La manipulación del pasado medieval peninsular desde posiciones ideológicas vinculadas al fascismo cuenta con un precedente bien conocido e ilustrativo de la radical tergiversación del pasado que implican los esencialismos. Su protagonista es Ignacio Olagüe, un aficionado a la historia adscrito ideológicamente al fascismo en la España de los años 1920-1930. Amigo personal de Ramiro Ledesma Ramos, su obra acredita una genuina preocupación por la idea de «decadencia» de España como fuente de desmoralización nacional.

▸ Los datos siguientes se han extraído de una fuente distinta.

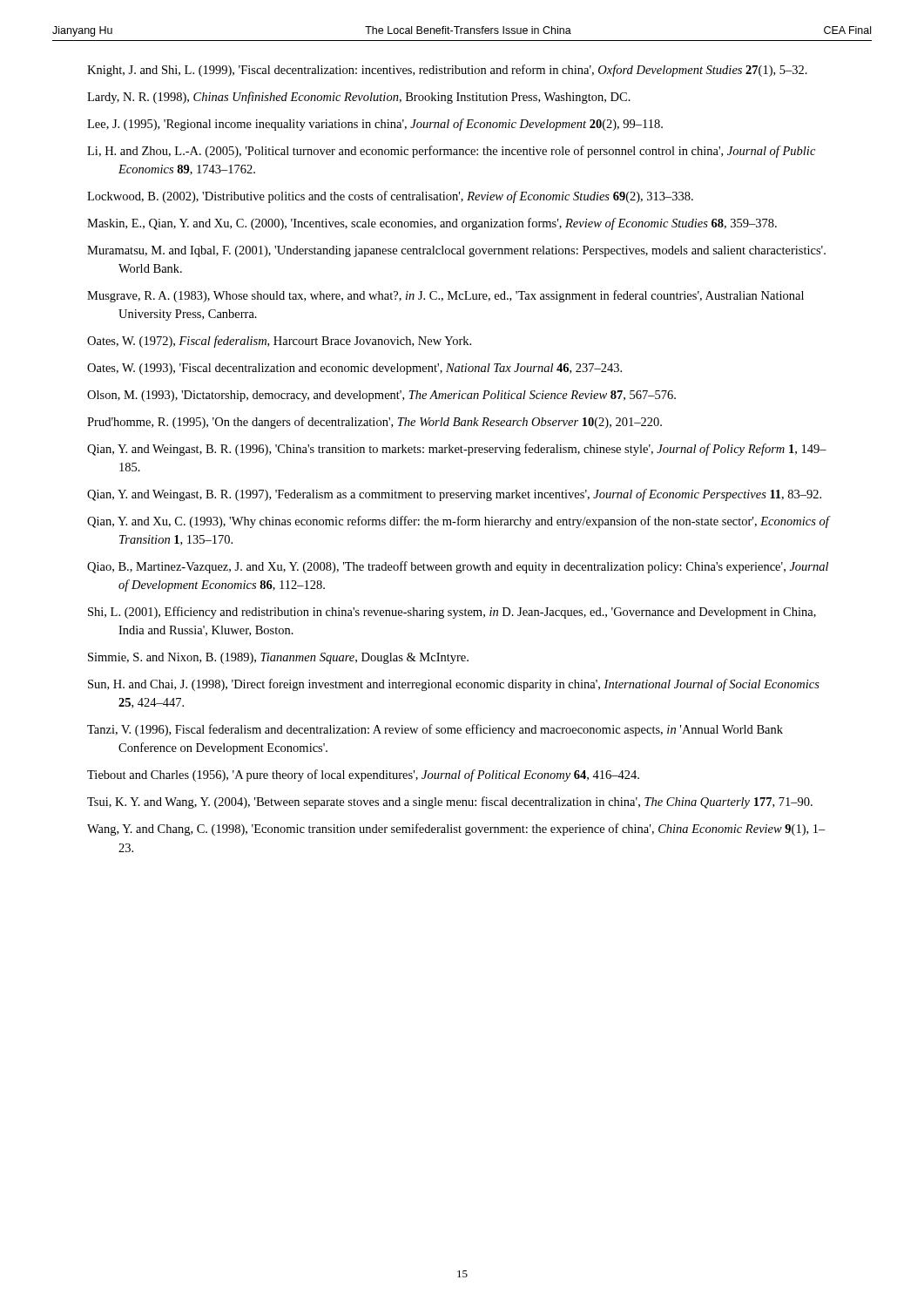Viewport: 924px width, 1307px height.
Task: Click on the passage starting "Olson, M. (1993), 'Dictatorship, democracy, and development',"
Action: tap(382, 395)

Su proyecto de restitución del orgullo patrio pasaba por una relectura del pasado en clave identitaria. En consonancia con el antisemitismo inherente a sus ideas fascistas, Olagüe llevó a su máximo extremo la tendencia a la desarabización de al-Ándalus, llegando a afirmar que «los árabes nunca invadieron España», título de la obra que publicó en francés en 1969. Desde la sencilla premisa de una burda manipulación del pasado, el seudohistoriador vasco formuló una lectura nativista que le permitió interpretar al-Ándalus como realidad histórica de origen endógeno, ajena a la conquista protagonizada por árabes y beréberes que las fuentes describen de forma unánime. De esta forma, símbolos arquitectónicos del período islámico tan importantes como la Mezquita omeya podían ser reincorporadas al acervo cultural nacional, pasando a convertirse en meras expresiones del eterno genio creativo local.
Paradójicamente, el nativismo de Olagüe encontró acomodo en el incipiente nacionalismo andaluz de la época de la transición, mediante la sencilla operación consistente en sustituir español o hispano por andaluz. No deja de resultar aberrante que los descendientes ideológicos de Blas Infante acabaran asumiendo una narrativa elaborada desde los sectores que, en agosto de 1936, asesinaron al fundador del andalucismo. Hoy en día, el nativismo sigue formando parte sustancial de la narrativa andalucista sobre el pasado medieval, un hecho fácil de comprobar en publicaciones, intervenciones o declaraciones que emanan de dicho entorno y que revelan una severa indigencia historiográfica.
El esencialismo, por lo tanto, no es patrimonio exclusivo de ciertos grupos políticos o ideológicos, sino que tiene un carácter transversal, de tal forma que, como acreditan los ejemplos citados, llegan a producirse insospechadas conexiones entre narrativas desarrolladas o promovidas desde sectores que mantienen actitudes irreconciliables e incluso se contraponen de manera abierta. El error de ciertos sectores de la izquierda consiste en pensar que un esencialismo se combate con otro cuando, en realidad, ello solo promueve la proliferación de esta clase de narrativas, que se retroalimentan de forma dialéctica.
El actual retorno de los esencialismos no puede explicarse al margen del contexto de la globalización, ya que forman parte de la estrategia defensiva de las elites sociales que controlan dicho proceso de expansión capitalista, elites que necesitan crear y mantener barreras de exclusión que garanticen los privilegios sobre los que se asienta su dominación.